Tutto ciò deve essere tenuto in parallelo con gli intendimenti del PNRR e degli impegni sul Recovery Fund: un piano che punta molto su Digitale e Greeen, mercato con un fortissimo squilibrio di genere; servono quindi misure finalizzate ad aumentare il numero di donne con competenze spendibili in questi settori, insieme a meccanismi di incentivo all’assunzione.
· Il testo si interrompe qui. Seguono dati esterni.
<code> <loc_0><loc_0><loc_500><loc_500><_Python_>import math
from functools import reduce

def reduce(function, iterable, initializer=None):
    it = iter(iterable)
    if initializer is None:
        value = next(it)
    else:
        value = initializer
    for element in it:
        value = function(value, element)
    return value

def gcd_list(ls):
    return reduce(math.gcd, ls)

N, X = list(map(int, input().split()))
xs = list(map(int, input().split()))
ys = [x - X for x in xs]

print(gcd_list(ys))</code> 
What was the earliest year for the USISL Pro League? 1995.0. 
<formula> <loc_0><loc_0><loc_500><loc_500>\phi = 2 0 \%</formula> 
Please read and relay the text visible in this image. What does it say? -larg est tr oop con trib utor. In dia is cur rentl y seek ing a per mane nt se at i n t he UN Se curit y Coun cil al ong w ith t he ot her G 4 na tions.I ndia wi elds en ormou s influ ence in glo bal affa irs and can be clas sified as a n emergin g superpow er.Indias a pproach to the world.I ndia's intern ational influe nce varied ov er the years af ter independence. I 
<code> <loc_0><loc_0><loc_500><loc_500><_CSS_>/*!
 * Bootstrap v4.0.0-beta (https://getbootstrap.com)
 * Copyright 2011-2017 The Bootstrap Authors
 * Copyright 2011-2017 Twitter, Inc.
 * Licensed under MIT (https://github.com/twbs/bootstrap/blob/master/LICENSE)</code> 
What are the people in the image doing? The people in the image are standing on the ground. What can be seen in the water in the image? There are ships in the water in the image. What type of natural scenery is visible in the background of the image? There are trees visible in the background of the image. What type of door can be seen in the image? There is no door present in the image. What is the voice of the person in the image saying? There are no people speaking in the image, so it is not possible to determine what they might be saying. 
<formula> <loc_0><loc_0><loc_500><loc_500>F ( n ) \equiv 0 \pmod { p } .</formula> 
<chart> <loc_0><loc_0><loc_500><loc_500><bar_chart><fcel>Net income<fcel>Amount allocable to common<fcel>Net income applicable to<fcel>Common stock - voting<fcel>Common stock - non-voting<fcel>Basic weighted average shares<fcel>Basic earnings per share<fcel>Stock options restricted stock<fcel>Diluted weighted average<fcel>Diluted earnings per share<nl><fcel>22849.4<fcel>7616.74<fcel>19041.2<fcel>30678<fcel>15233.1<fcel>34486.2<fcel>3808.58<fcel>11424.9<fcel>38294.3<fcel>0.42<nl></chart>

Il governo intende a questo proposito, nella più ampia Strategia Nazionale per le Competenze Digitali, anche attraverso il PNRR, rafforzare l'istruzione professionale, in particolare il sistema di formazione professionale terziaria (ITS) e l'istruzione STEM, con una forte priorità sulla parità di genere.

Serve, di fatto, capovolgere l’ordinario: le donne non sono un magma indistinto. La dimensione di genere si intreccia con altre dimensioni che compongono le nostre vite: da dove veniamo, il nostro orientamento sessuale, la nostra classe socioeconomica, se abbiamo figli, marito, compagno, se abbiamo una disabilità, se abbiamo vissuto una violenza. Queste dimensioni spesso sono intrecciate tra loro e negativizzano ogni possibile forma di policy, solo ed esclusivamente perché affrontate in modo asincrono. Combinare le policy a favore delle donne non è semplice e richiede un fine lavoro di costruzione di governance e pensiero creativo ma strutturato, altrimenti il rischio è introdurre politiche poco efficaci.
Il nostro contributo come Linea per le Pari opportunità si struttura, per ora, nel supportare la formazione dei responsabili ed operatori dei CpI sul LEP J che tratta le tematiche relative alla conciliazione vita-lavoro, nel co-progettare con alcune regioni interventi volti a migliorare la conciliazione tra vita e lavoro non solo per le donne, nel realizzare laboratori per riflettere con piccole e medie imprese su come sia possibile riorganizzare i tempi di lavoro, conciliando le esigenze di produttività e le esigenze di vita delle lavoratrici e dei lavoratori.
L’impegno della nostra struttura deve essere sempre più quello di aiutare il Sistema Paese a superare il divario tra uomini e donne. Intaccare le disuguaglianze non è facile, ma riteniamo che sia il compito di chi, come noi, supporta il Paese e prova a disegnare politiche pubbliche di qualità. In alternativa, avremo fatto solo un bel piano ma le nostre figlie e le nostre nipoti non ci ringrazieranno.